— Браво, месье, — сказал полковник, — защищайте свою страну! Свою страну следует защищать всегда! А теперь передайте-ка мне портвейн. Сейчас поставлю пластинку «Микадо»…
IV
Где-то во Франции…
Солдаты идут и поют недружно: «Спрячь все заботы в ранце своем!..» Льет дождь, бьет ветер… Даже к подружке Не побежишь под таким дождем. Солдаты идут… А я для Жозетты Стихи строчу этим тусклым днем. Солдаты поют под дождем и ветром: «Спрячь все заботы в ранце своем!..» Должен дневальный явиться скоро С пачкою старых газет — и прочтем Старых мошенников старые споры… «Спрячь все заботы в ранце своем!..» Вот так — среди этой игры королевской — Мы лучшие весны свои проведем… Шагают солдаты с песней армейской: «Спрячь все заботы в ранце своем!..» Дождик по стеклам бьет неустанно.— Ну чем не оркестр! И чудится в нем Томительная увертюра к «Тристану»… «Спрячь все заботы в ранце своем!..» Завтра, наверно, пулей шальною Буду отправлен прямым путем На маленький ужин с самим Сатаною… «Спрячь все заботы в ранце своем!..» Солдаты идут и поют…Над ноздреватой поверхностью равнины встает серое утро. Сегодня будет то же, что и вчера, завтра — то же, что сегодня. Размахивая руками, доктор скажет мне: «Да, месье, все очень печально». При этом он сам не знает, а что же, собственно, так уж печально. Не знаю этого и я. Затем он прочитает мне юмористическую лекцию в стиле, представляющем собой нечто среднее между стилем Бернарда Шоу и Библией.
Падре напишет письма, разложит пасьянс. Потом сядет на лошадь и отправится в путь. Где-то громыхнет пушка. Будут убиты немцы. И наши тоже. На обед подадут консервированную говядину, отварной картофель и отвратительное пиво. Полковник скажет мне: «Месье, французское пиво — нехорошее пиво».
Вечером после ужина (плохо прожаренная баранина и все тот же отварной картофель) настанет священный час граммофона. Мы услышим «В Аркадии», «Микадо», потом вальс «Судьба» — «специально для вас, месье», и миссис Финци-Магрини — для полковника. Наконец прозвучит «Lancashire Ramble»[27]. К моему большому несчастью, когда я впервые услышал эту цирковую музыку, то почему-то принялся имитировать движение рук жонглера, ритмично подбрасывающего мячики. С тех пор эта маленькая комедия стала традиционной при наших трапезах в офицерской столовой, и, если сегодня вечером при первых же звуках «Ramble» я не сыграю свою роль, полковник, обозначая руками жонглерские приемы, сделает мне замечание: «Давайте, месье, давайте!» Но я знаю свои обязанности и ничего не забуду.
Ибо полковник Брэмбл любит только привычные зрелища и шутки, когда все уже под хмельком.

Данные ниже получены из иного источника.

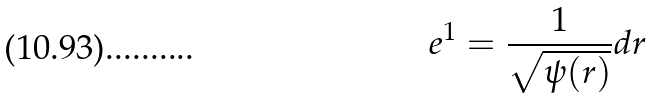<formula> <loc_0><loc_0><loc_500><loc_500>e ^ { 1 } = \frac { 1 } { \sqrt { \psi ( r ) } } d r</formula>

Его любимый номер — рассказ доктора О’Грэйди об одном увольнении в отпуск. Когда полковник пребывает в дурном расположении духа, когда кого-то из его старых друзей произвели в бригадного генерала или наградили орденом Бани[28], только этот рассказ может заставить его улыбнуться. Он уже давно затвердил его наизусть и, словно ребенок, останавливает доктора, если тот пропустит фразу или изменит редакцию какой-нибудь реплики.
— Нет, доктор, не так! Морской офицер сказал вам: «Если вы услышите четыре резких, отрывистых гудка сирены, значит, корабль торпедирован». А вы ему ответили: «А что, если при взрыве торпеды сирена сломается?»
Отыскав нужную страницу, доктор возобновляет чтение.
Паркер тоже откопал фразу, неизменно пользующуюся огромным успехом. Он позаимствовал ее из письма какого-то полкового священника в газету «Таймс».
«Жизнь солдата, — писал этот проницательный человек, — весьма сурова, а порой чревата реальными опасностями».
Полковник смакует скрытый юмор этой формулировки, видимо, не осознанный автором, и охотно цитирует ее, если, например, при разрыве снаряда его больно ударяет осколок разлетевшейся щебенки. Но когда разговор становится уж слишком специальным и скучным, он контратакует падре и бьет по одному из двух его самых слабых мест. Речь идет о епископах и о шотландцах как таковых.
Падре, уроженец Шотландского нагорья, отличается редкостным, прямо-таки свирепым патриотизмом. Он твердо убежден, что в этой войне одни лишь шотландцы делают дело и действительно бьются насмерть.
— Если историки честные люди, — говорит он, — то эту войну они назовут не европейской, а войной между Шотландией и Германией.